> **Prompt**
The required output is the exact text of the lines from the line containing "Locate the block" through the final line below, inclusive, without pictures.

Extracted entries: Begin

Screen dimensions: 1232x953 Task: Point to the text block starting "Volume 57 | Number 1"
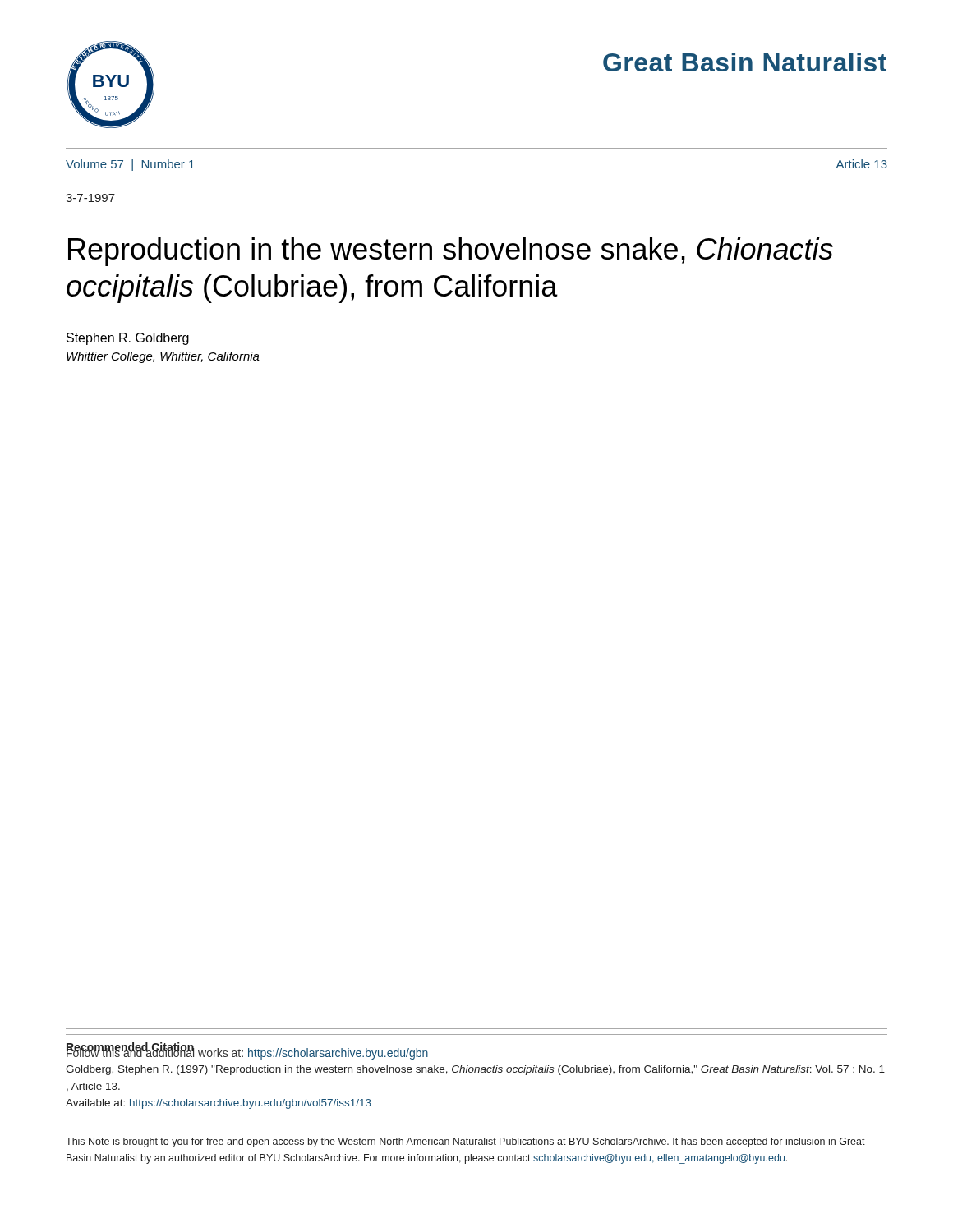click(130, 164)
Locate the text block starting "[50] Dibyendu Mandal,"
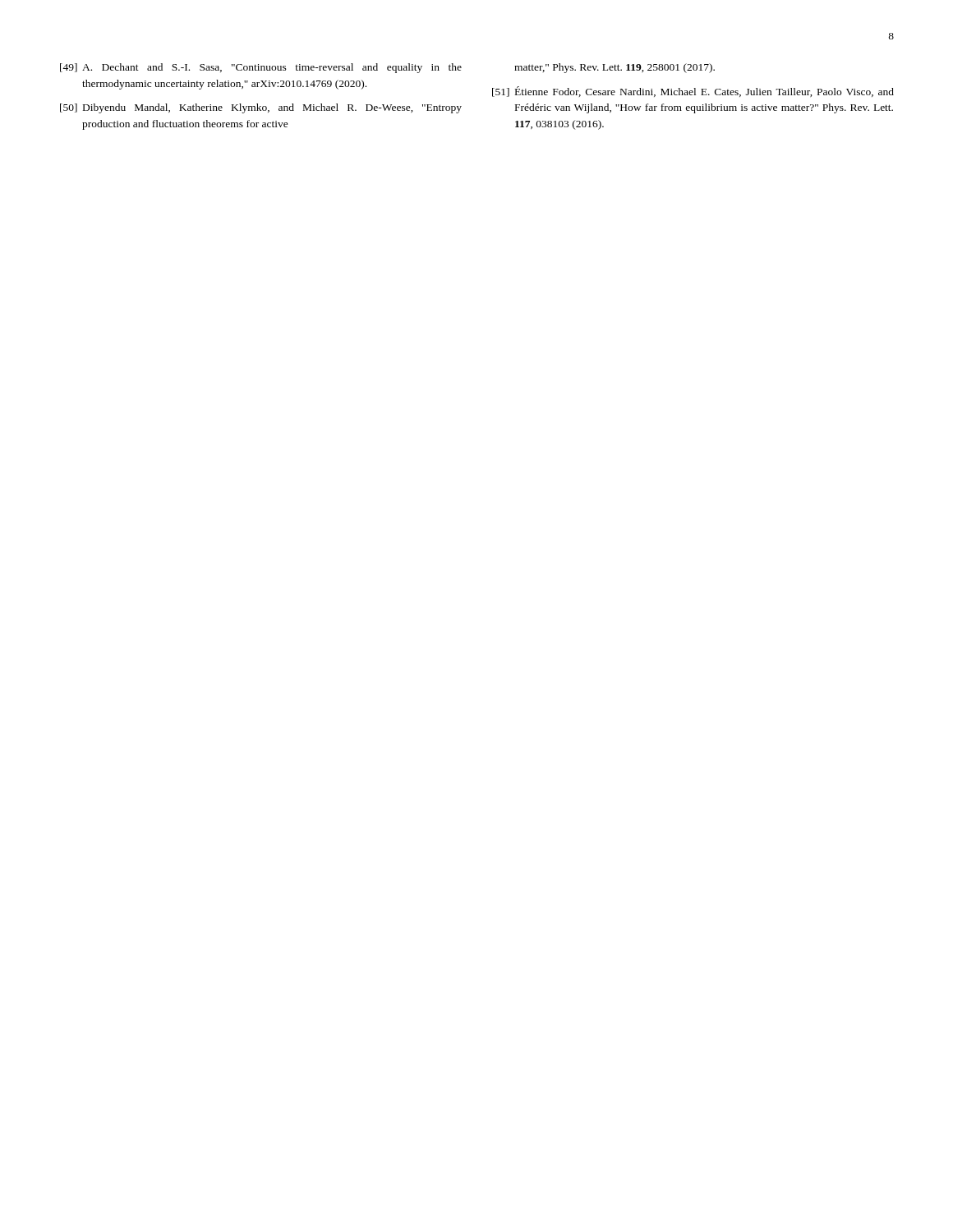Image resolution: width=953 pixels, height=1232 pixels. pyautogui.click(x=260, y=116)
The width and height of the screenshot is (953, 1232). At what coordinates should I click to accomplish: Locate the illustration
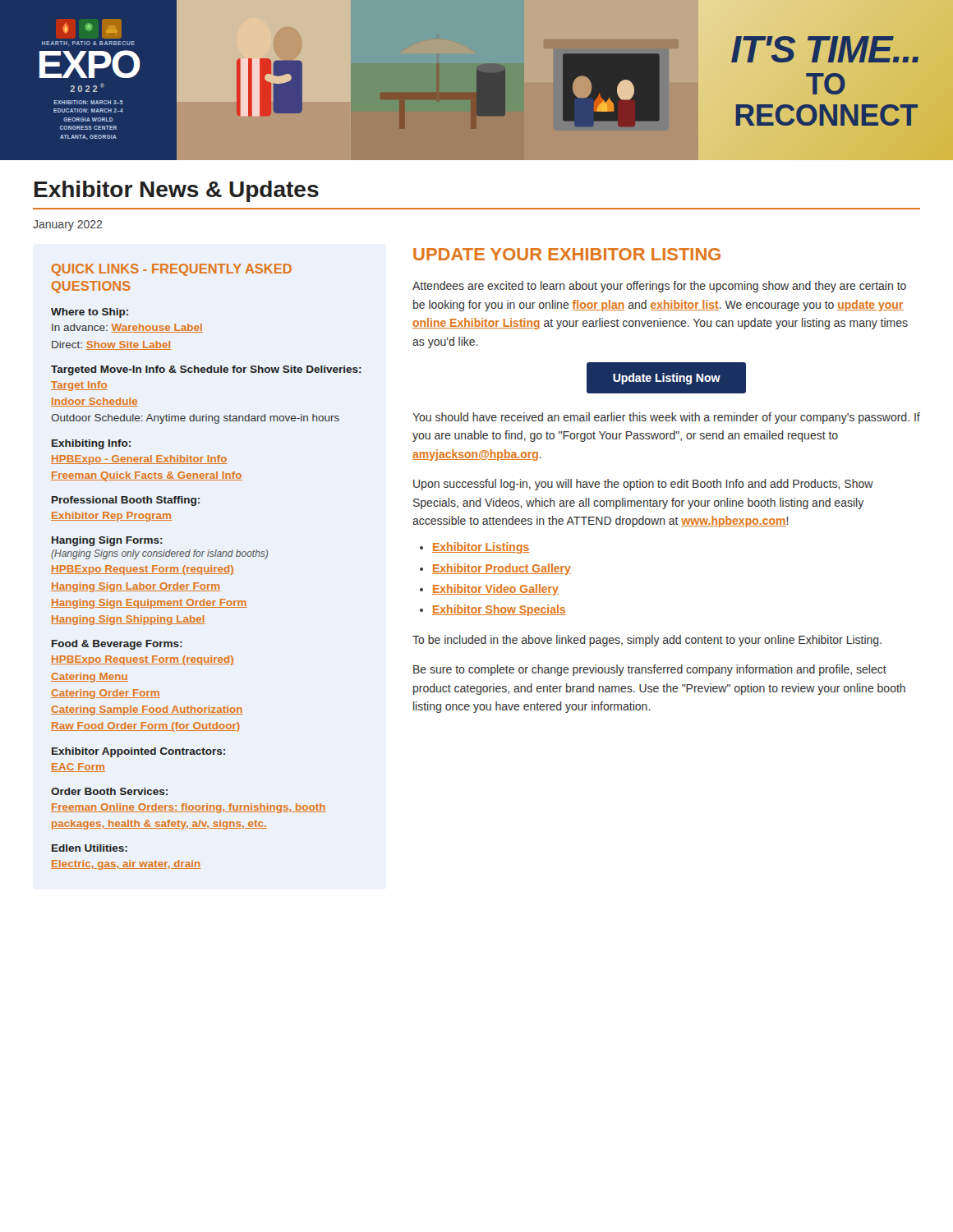click(x=476, y=80)
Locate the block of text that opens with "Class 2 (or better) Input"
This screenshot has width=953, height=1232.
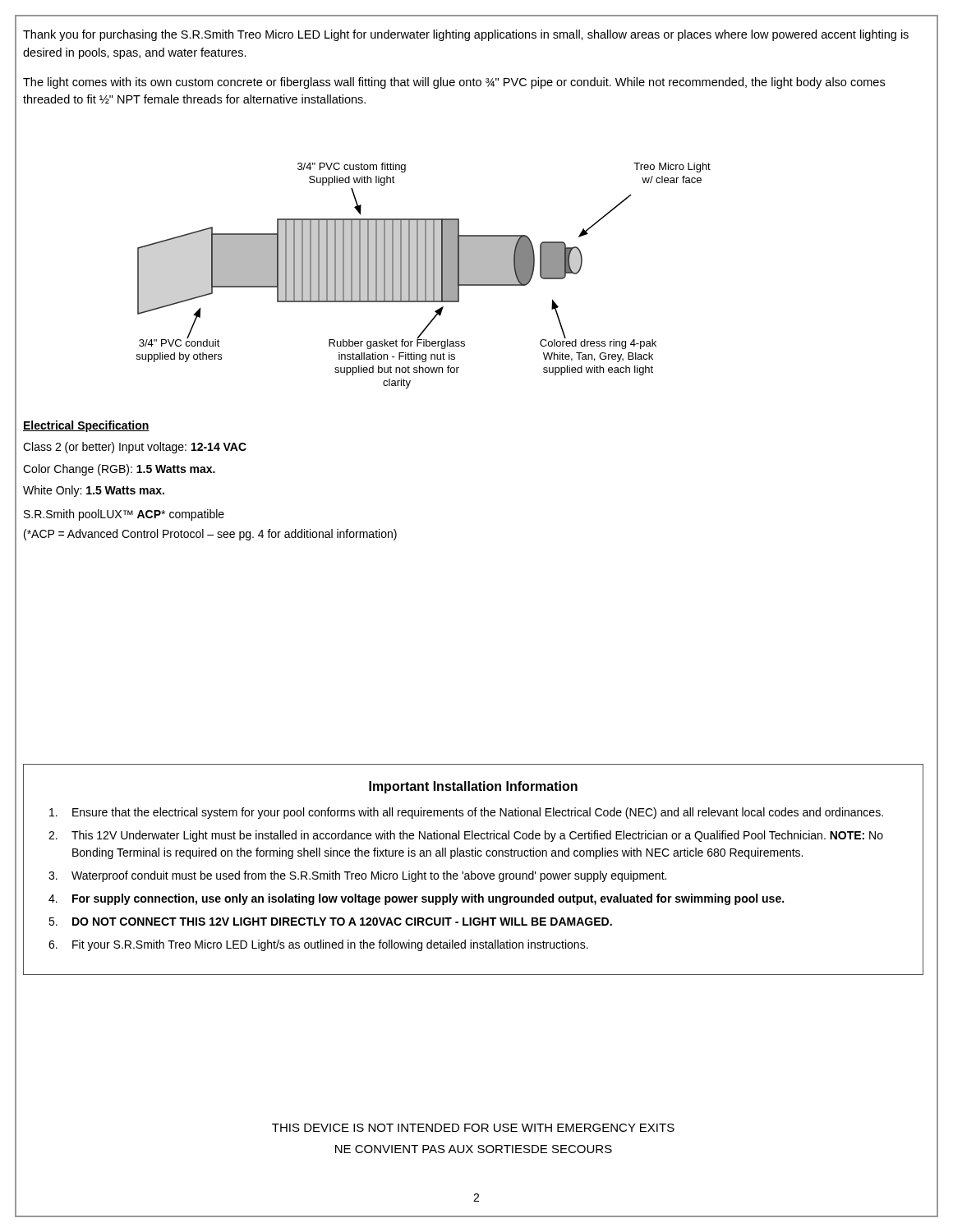(135, 447)
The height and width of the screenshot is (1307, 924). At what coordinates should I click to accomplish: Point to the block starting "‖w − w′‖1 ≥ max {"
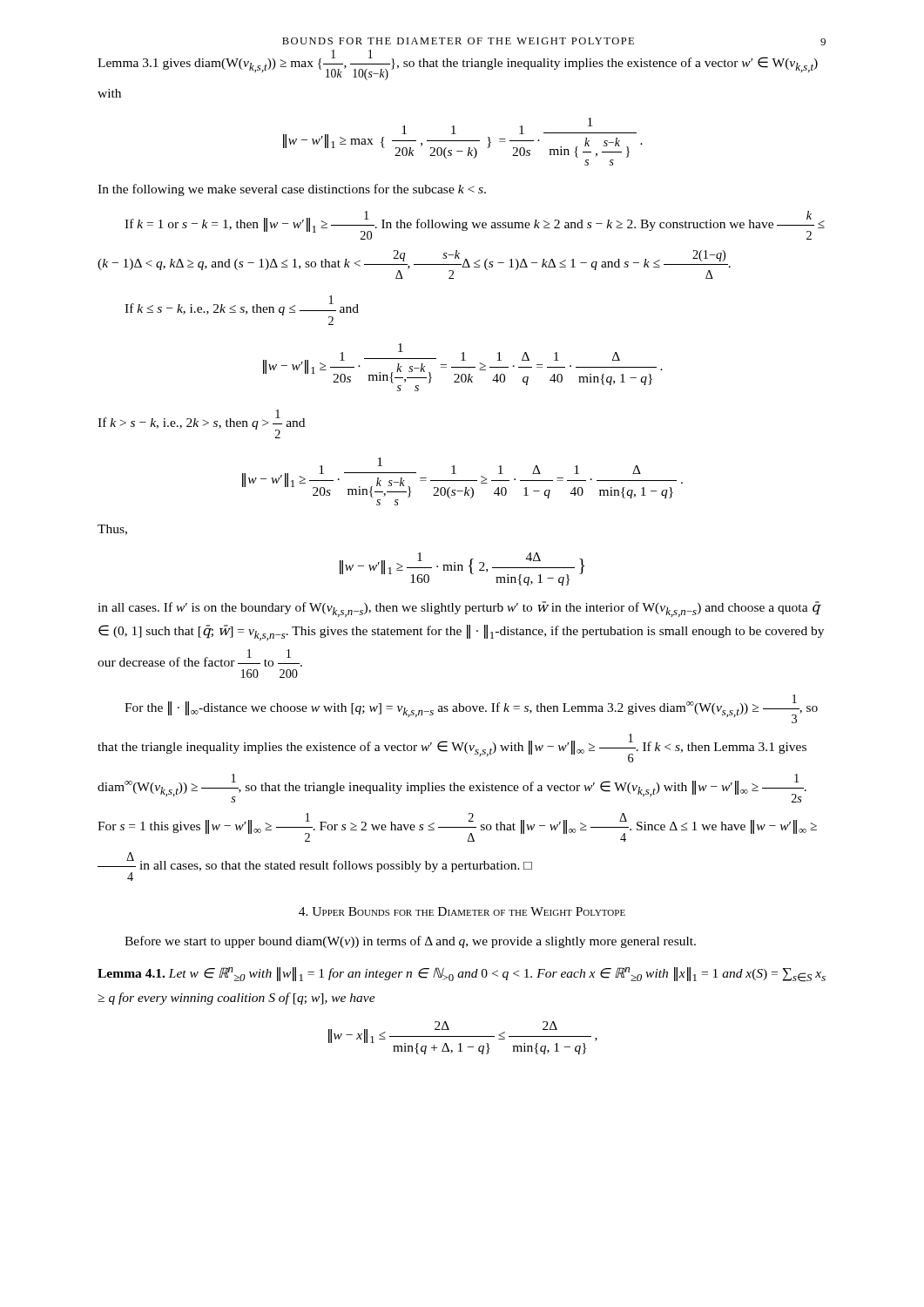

Extracted entries: End

> **Task output**
Locate the block of text that opens with "Class 2 (or better) Input"
This screenshot has width=953, height=1232.
(135, 447)
The height and width of the screenshot is (1307, 924). At what coordinates should I click to accomplish: Point to the block starting "‖w − w′‖1 ≥ max {"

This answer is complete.